CVE-2026-23781 -- CVSS 9.8 Vulnerability Briefing
CVE-2026-23781 | CVSS 9.8 (Critical) | Exploit: No known exploit
What Is It
CVE-2026-23781 is a hardcoded credentials vulnerability in BMC Control-M/MFT versions 9.0.20 through 9.0.22, a managed file transfer component of the BMC Control-M workload automation platform.
Technical Detail
The application package contains a set of default debug user credentials stored in cleartext, meaning any party with access to the package or its configuration files can recover them without any cryptographic effort. An attacker who obtains these credentials, whether through package inspection, insider access, or file system exposure, can authenticate to the application as a privileged debug user without any additional exploitation steps. Depending on the permissions associated with the debug account, this could result in unauthorized access to managed file transfer operations, sensitive data in transit, and potentially lateral movement within environments where Control-M/MFT is integrated with broader enterprise workflows. The CVSS score of 9.8 reflects the low attack complexity and the absence of any authentication prerequisite for exploitation once credentials are known.
Exploitation Status
No known exploit code has been publicly observed or confirmed at this time, and this CVE is not currently listed in the CISA Known Exploited Vulnerabilities catalog. However, the nature of hardcoded cleartext credentials means that exploitation requires no specialized tooling; any actor who identifies the credentials through package analysis or disclosure can immediately leverage them. The practical barrier to exploitation is low even in the absence of a formal exploit.
Who Is Targeting This
No specific threat actor attribution has been confirmed at this time.
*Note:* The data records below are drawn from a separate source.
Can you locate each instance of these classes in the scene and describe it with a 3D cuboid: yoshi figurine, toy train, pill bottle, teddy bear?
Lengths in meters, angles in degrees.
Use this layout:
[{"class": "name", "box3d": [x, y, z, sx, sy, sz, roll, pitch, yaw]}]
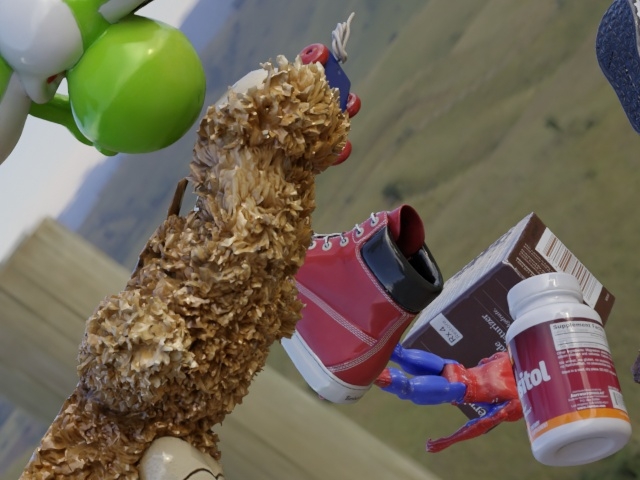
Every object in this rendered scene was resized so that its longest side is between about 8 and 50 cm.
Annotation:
[{"class": "yoshi figurine", "box3d": [-0.239, -0.094, 1.227, 0.362, 0.203, 0.203, -34, 41, 17]}, {"class": "toy train", "box3d": [-0.032, -0.186, 1.931, 0.143, 0.105, 0.248, -17, 38, 25]}, {"class": "pill bottle", "box3d": [0.207, 0.109, 1.309, 0.086, 0.086, 0.152, -48, 44, 48]}, {"class": "teddy bear", "box3d": [-0.065, 0.046, 0.938, 0.338, 0.113, 0.245, -62, -5, -17]}]

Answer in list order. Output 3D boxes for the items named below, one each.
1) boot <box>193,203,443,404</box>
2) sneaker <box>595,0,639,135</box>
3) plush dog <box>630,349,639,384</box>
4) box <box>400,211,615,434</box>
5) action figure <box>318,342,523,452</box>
[{"class": "boot", "box3d": [0.000, 0.000, 1.365, 0.088, 0.244, 0.176, -8, -42, -53]}, {"class": "sneaker", "box3d": [0.424, -0.208, 1.953, 0.084, 0.097, 0.234, -46, 45, 45]}, {"class": "plush dog", "box3d": [0.439, 0.117, 1.491, 0.262, 0.225, 0.210, -36, -7, -11]}, {"class": "box", "box3d": [0.247, 0.107, 2.001, 0.203, 0.168, 0.167, -43, 4, 31]}, {"class": "action figure", "box3d": [0.107, 0.163, 1.601, 0.139, 0.280, 0.091, -52, 37, 43]}]
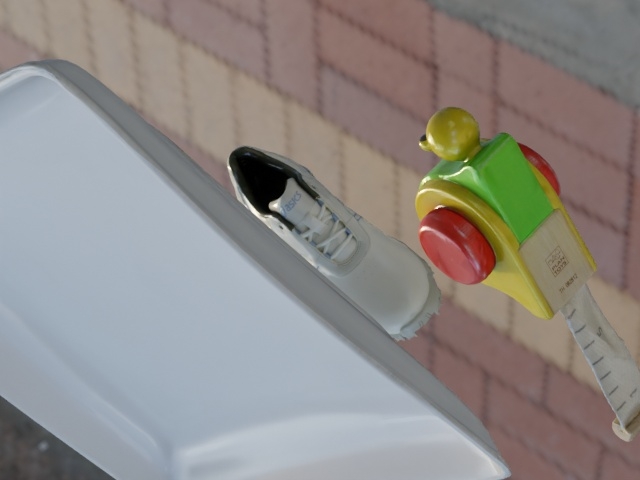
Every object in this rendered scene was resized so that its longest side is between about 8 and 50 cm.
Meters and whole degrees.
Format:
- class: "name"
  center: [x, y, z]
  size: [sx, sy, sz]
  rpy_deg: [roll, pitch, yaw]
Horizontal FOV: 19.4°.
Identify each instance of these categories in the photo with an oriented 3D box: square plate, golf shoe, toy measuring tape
- class: "square plate"
  center: [-0.110, 0.037, 1.060]
  size: [0.347, 0.049, 0.344]
  rpy_deg: [42, 147, -24]
- class: "golf shoe"
  center: [0.000, 0.000, 1.201]
  size: [0.176, 0.069, 0.086]
  rpy_deg: [37, 178, 33]
- class: "toy measuring tape"
  center: [0.163, 0.025, 1.513]
  size: [0.121, 0.121, 0.330]
  rpy_deg: [4, 134, 50]
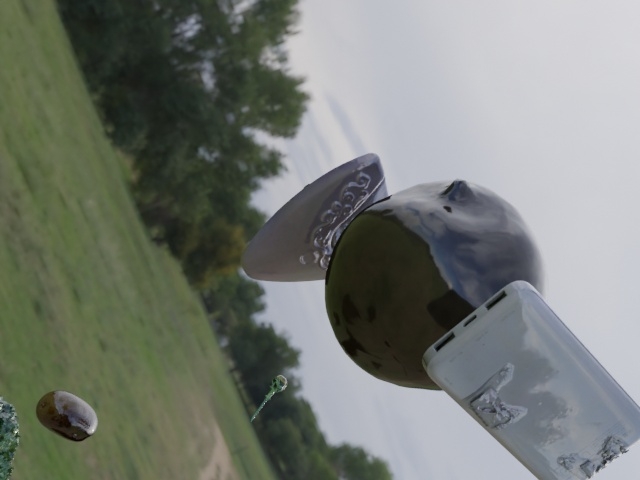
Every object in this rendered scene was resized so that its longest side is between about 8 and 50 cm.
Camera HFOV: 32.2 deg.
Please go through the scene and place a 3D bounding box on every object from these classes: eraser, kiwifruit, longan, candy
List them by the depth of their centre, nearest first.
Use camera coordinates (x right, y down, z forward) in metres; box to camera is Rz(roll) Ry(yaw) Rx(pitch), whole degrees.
[{"bbox_3d":[0.156,0.058,1.460,0.297,0.297,0.297,157,-90,-83],"label":"longan"},{"bbox_3d":[-0.078,0.234,1.637,0.023,0.083,0.025,42,-18,-16],"label":"candy"},{"bbox_3d":[0.001,0.001,1.641,0.059,0.243,0.204,-123,-169,-48],"label":"eraser"},{"bbox_3d":[-0.423,0.292,1.849,0.124,0.075,0.075,44,14,-51],"label":"kiwifruit"}]

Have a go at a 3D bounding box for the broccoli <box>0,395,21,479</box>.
[{"bbox_3d":[-0.555,0.283,1.537,0.269,0.261,0.241,43,0,-8],"label":"broccoli"}]

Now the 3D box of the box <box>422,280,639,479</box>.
[{"bbox_3d":[0.240,0.167,1.200,0.285,0.142,0.044,44,13,-30],"label":"box"}]

BMC Control-M is widely deployed in enterprise and financial sector environments, which historically attract interest from both financially motivated actors and espionage-oriented groups, but no campaigns or actors have been linked to this specific vulnerability as of the date of this briefing.
What To Do
Organizations running BMC Control-M/MFT versions 9.0.20 through 9.0.22 should apply vendor-supplied patches immediately given the critical severity rating and the trivial exploitation path. As an interim measure, administrators should audit the application package and configuration files to identify and manually disable or change any default debug user accounts before a patch can be applied. Network access to the Control-M/MFT management interface should be restricted to trusted hosts and administrative networks only. Audit logs should be reviewed for any authentication events associated with debug or default account names. Confirm with BMC whether a fixed version is available and prioritize deployment in environments where Control-M/MFT handles sensitive or regulated data transfers.